The scope of the claims 1. A press automatic screw for a transmission comprising a cylinder and a bottom provided at one end of the cylinder,  A piston for an automatic transmission, comprising a claw piece formed by cutting and raising a part of the cylindrical portion in a radial direction and engaging with a predetermined non-rotating member. 2. The automatic transmission screw according to claim 1, wherein the piston is axially driven to press a friction plate provided between a rotating member and the non-rotating member.
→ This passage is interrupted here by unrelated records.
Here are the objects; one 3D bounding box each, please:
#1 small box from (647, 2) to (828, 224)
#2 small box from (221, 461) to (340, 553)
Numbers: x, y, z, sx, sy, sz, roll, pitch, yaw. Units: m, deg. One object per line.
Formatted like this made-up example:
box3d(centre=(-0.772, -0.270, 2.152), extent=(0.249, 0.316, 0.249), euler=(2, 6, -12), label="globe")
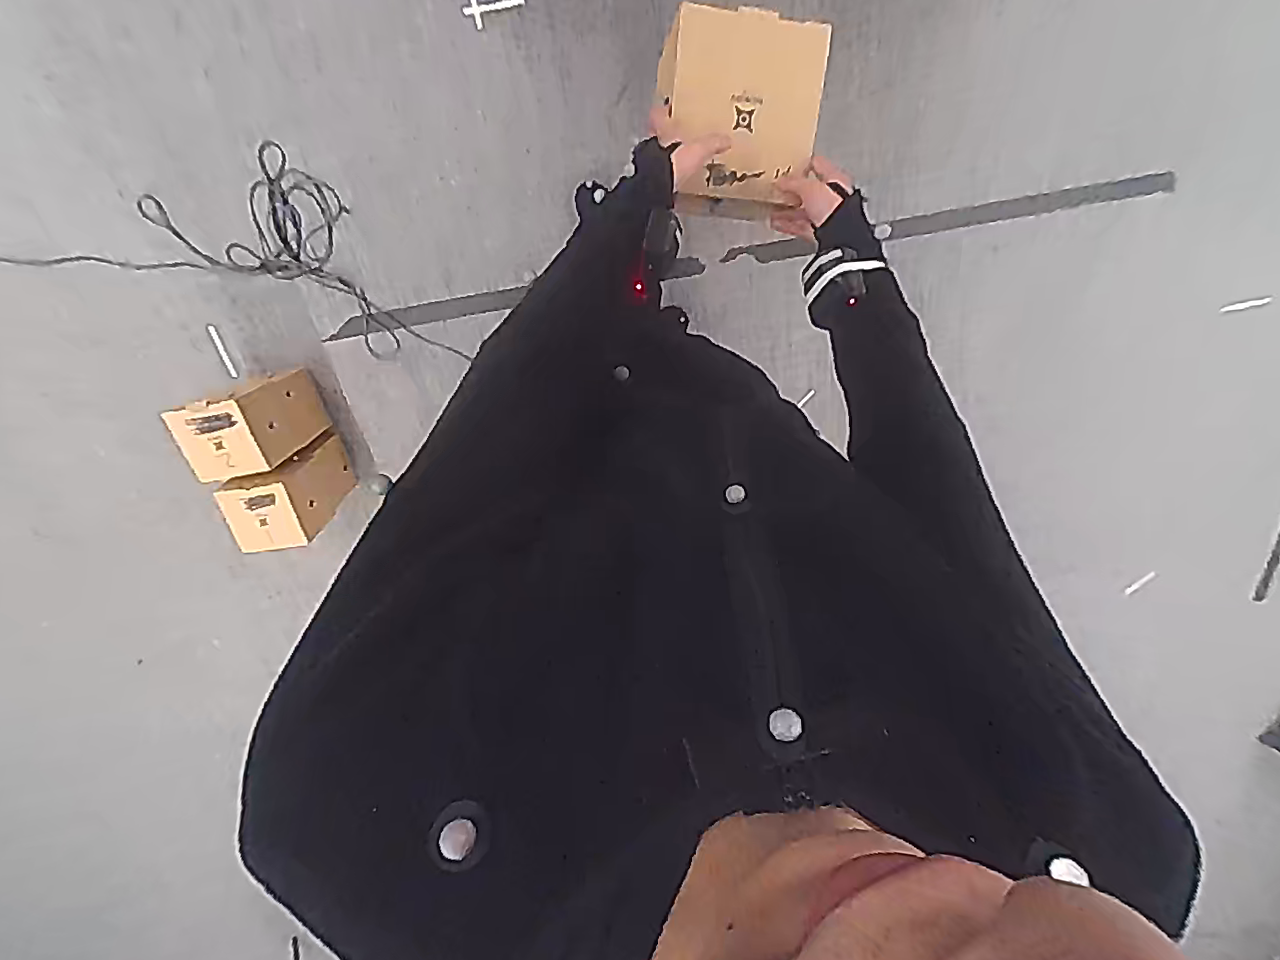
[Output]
box3d(centre=(0.102, -0.422, 0.656), extent=(0.168, 0.176, 0.179), euler=(3, 109, -6), label="small box")
box3d(centre=(-0.906, 0.060, 1.382), extent=(0.168, 0.176, 0.179), euler=(-6, 118, -1), label="small box")
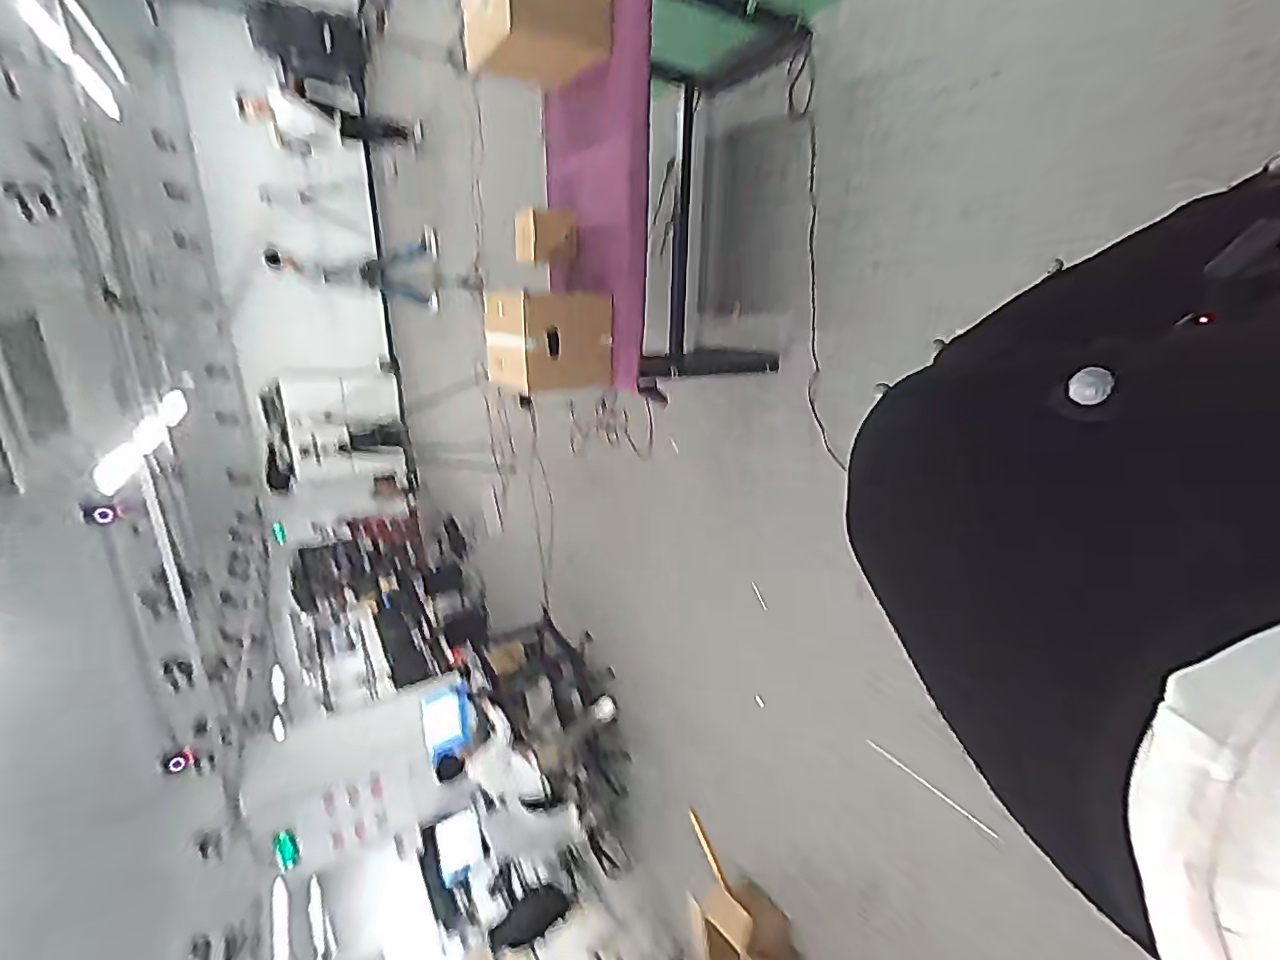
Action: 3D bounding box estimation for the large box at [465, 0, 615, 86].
[{"bbox_3d":[-0.308,-1.436,1.605,0.408,0.320,0.320,28,124,52],"label":"large box"}]

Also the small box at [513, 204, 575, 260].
[{"bbox_3d":[-0.347,-0.890,1.953,0.179,0.176,0.168,28,122,52],"label":"small box"}]
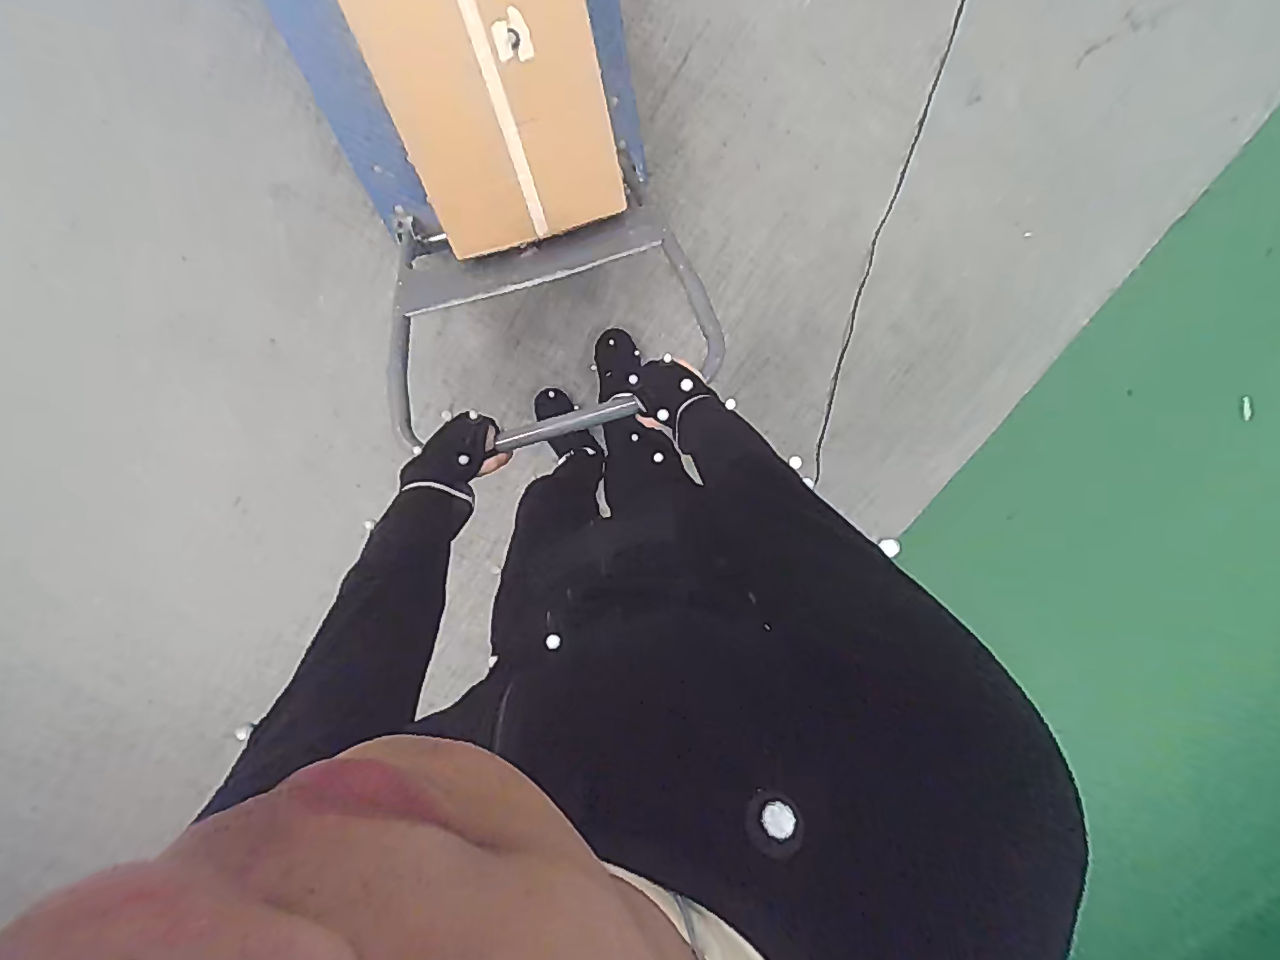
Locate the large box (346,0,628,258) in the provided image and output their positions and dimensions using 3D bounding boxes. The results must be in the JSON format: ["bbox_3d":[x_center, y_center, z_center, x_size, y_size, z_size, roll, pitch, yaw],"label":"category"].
[{"bbox_3d":[-0.233,-0.669,0.925,0.320,0.320,0.408,-16,137,0],"label":"large box"}]
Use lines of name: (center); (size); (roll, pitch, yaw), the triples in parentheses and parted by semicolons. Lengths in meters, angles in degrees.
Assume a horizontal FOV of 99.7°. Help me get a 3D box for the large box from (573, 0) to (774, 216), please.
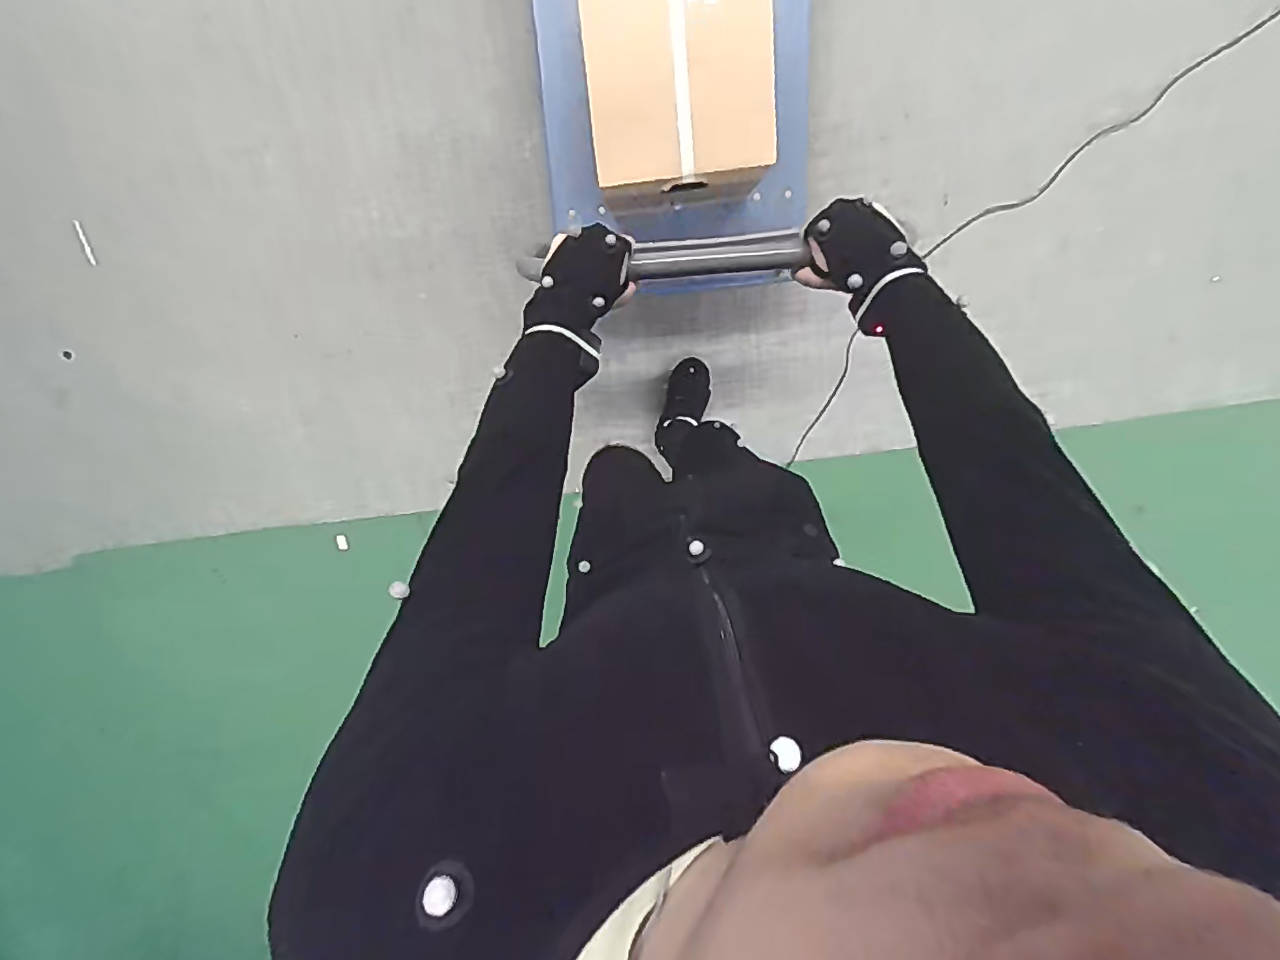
large box: (0.062, -0.768, 1.035); (0.320, 0.320, 0.408); (-6, 107, 4)
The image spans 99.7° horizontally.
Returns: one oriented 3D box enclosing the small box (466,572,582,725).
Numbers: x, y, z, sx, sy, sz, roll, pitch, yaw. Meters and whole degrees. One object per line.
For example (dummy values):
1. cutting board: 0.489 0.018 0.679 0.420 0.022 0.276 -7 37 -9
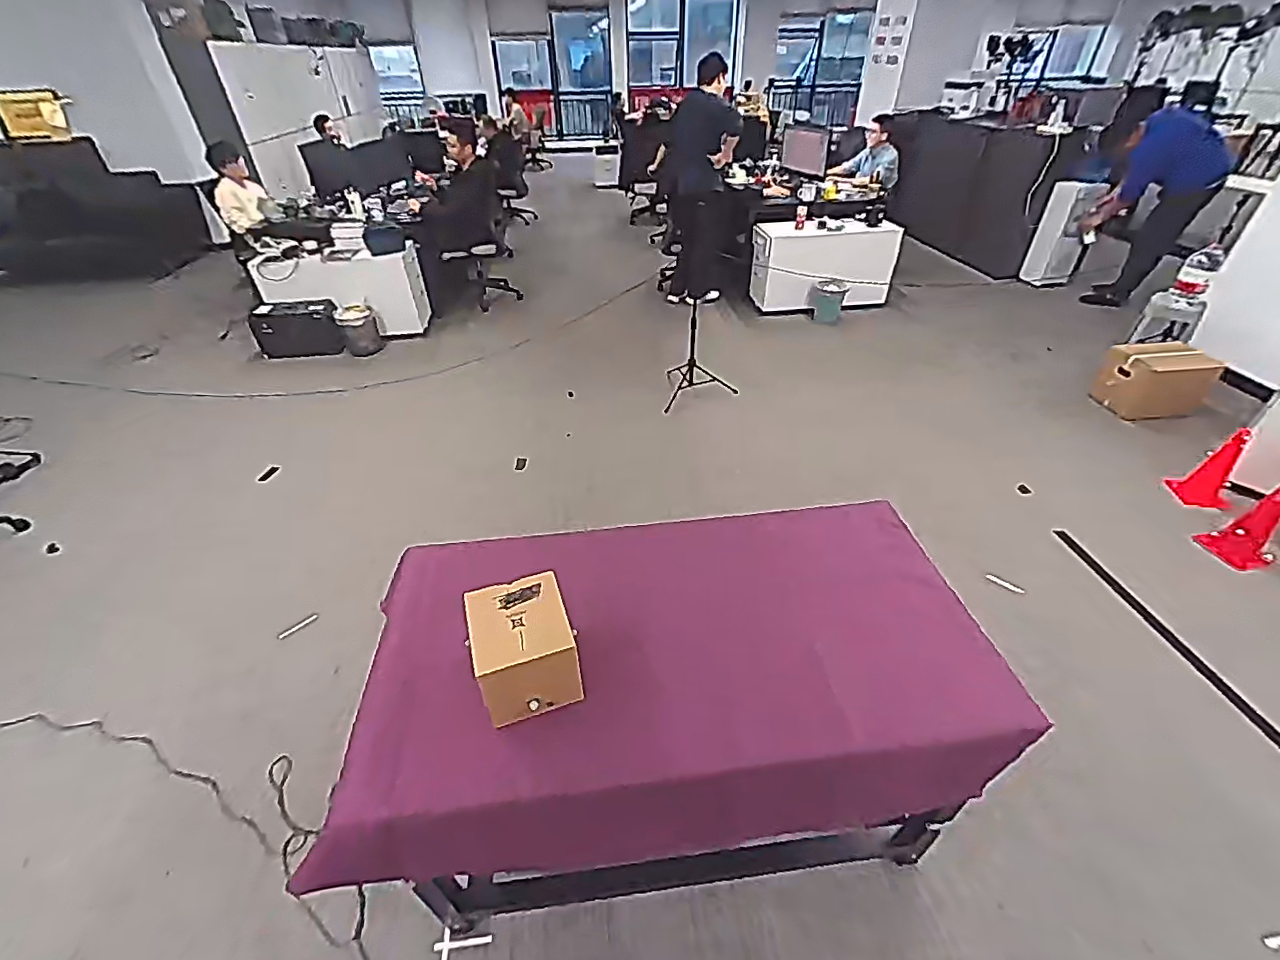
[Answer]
1. small box: -0.207 0.301 0.972 0.168 0.176 0.179 -13 41 -14
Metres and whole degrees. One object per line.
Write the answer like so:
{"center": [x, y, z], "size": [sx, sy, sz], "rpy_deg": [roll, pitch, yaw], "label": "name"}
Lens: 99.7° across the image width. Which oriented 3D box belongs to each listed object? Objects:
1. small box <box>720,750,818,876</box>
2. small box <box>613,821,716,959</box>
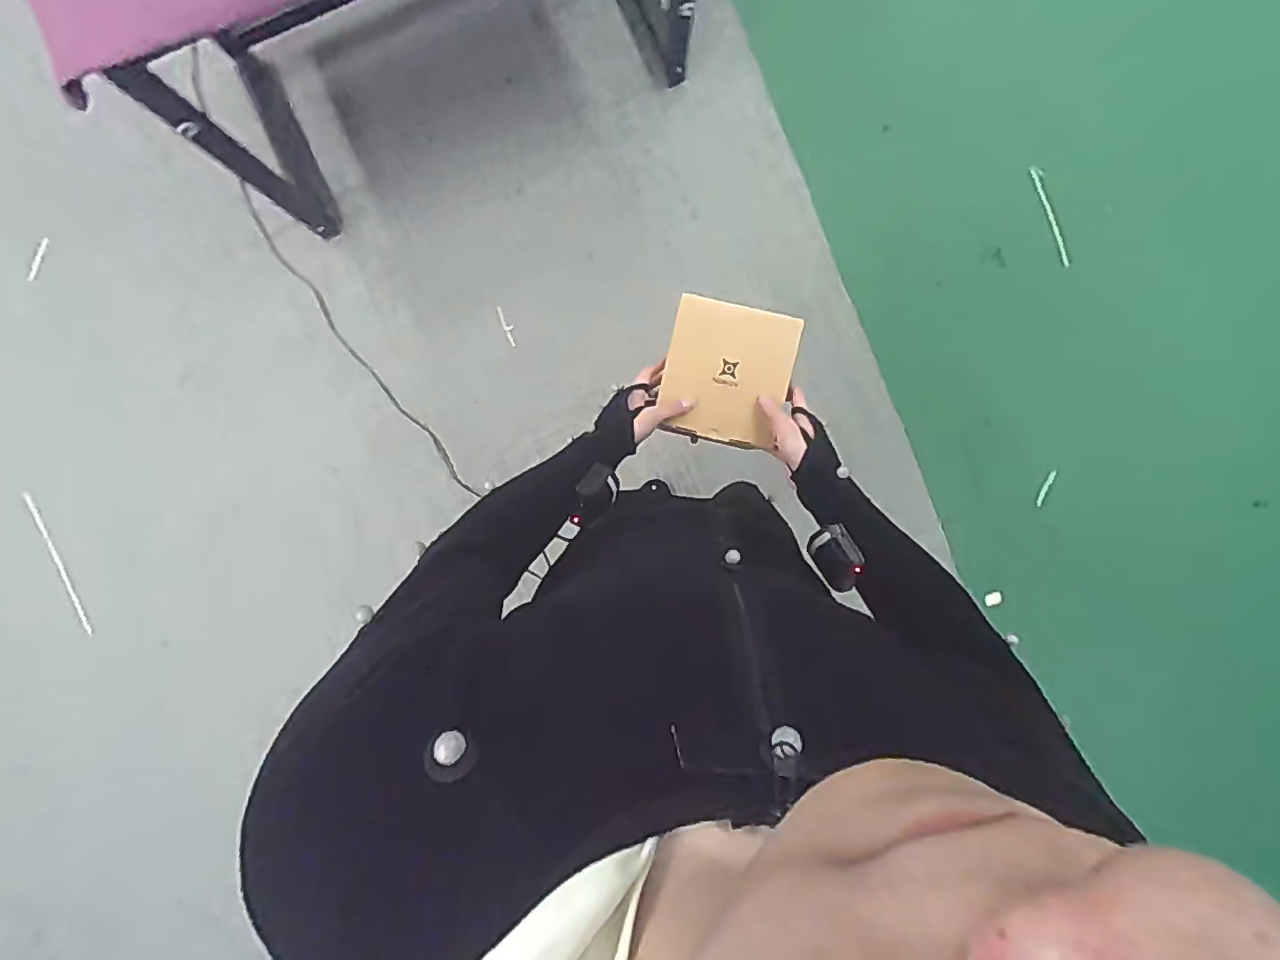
{"center": [0.312, 0.813, 1.336], "size": [0.168, 0.176, 0.179], "rpy_deg": [-21, 92, -1], "label": "small box"}
{"center": [0.050, 0.892, 1.169], "size": [0.168, 0.176, 0.179], "rpy_deg": [-21, 91, -1], "label": "small box"}
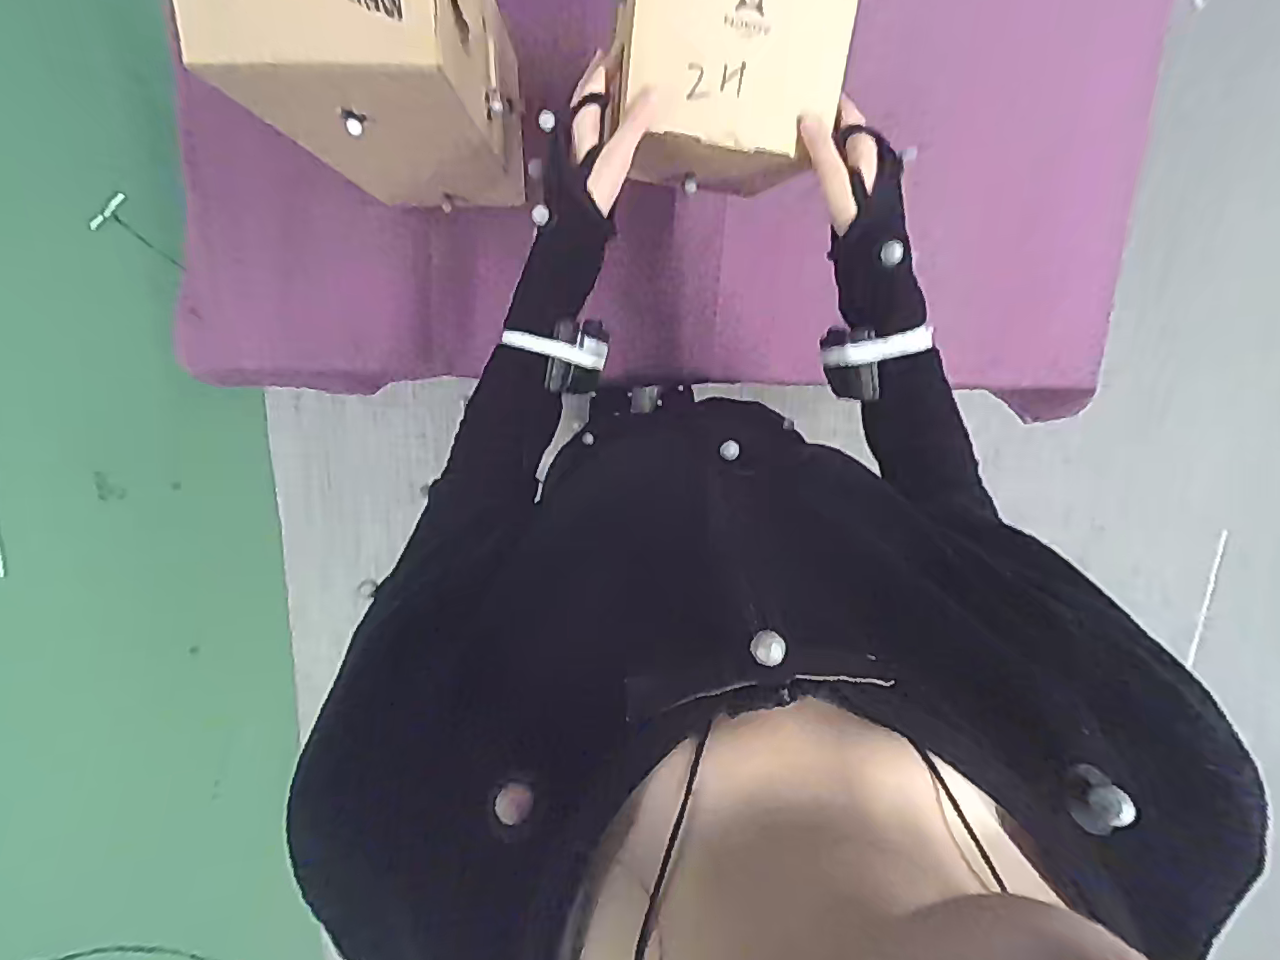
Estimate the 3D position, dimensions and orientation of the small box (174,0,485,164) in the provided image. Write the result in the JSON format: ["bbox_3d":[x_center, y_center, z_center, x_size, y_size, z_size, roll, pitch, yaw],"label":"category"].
[{"bbox_3d":[-0.232,-0.377,0.439,0.179,0.176,0.168,0,102,-1],"label":"small box"}]

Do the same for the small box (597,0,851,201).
[{"bbox_3d":[0.057,-0.359,0.466,0.168,0.176,0.179,4,110,-11],"label":"small box"}]

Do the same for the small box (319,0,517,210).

The biston is provided with a notch in which a part of a circumferential direction of a cylindrical portion of the piston is cut out,  The screw for an automatic transmission according to claim 1 or 2, wherein a rotating member rotating around another axis parallel to the axis of the piston is disposed in the notch.  4. The screw for an automatic transmission according to claim 2, wherein the non-rotational member is disposed on the side of the rotational direction of the claw plate at the time of operation of the friction plate.  5. The non-rotating member has an engagement protrusion having an engagement surface parallel to the axial center of the piston,  The piston for an automatic transmission according to claim 4, wherein the claw piece is brought into contact with the engagement surface to allow axial movement of the piston.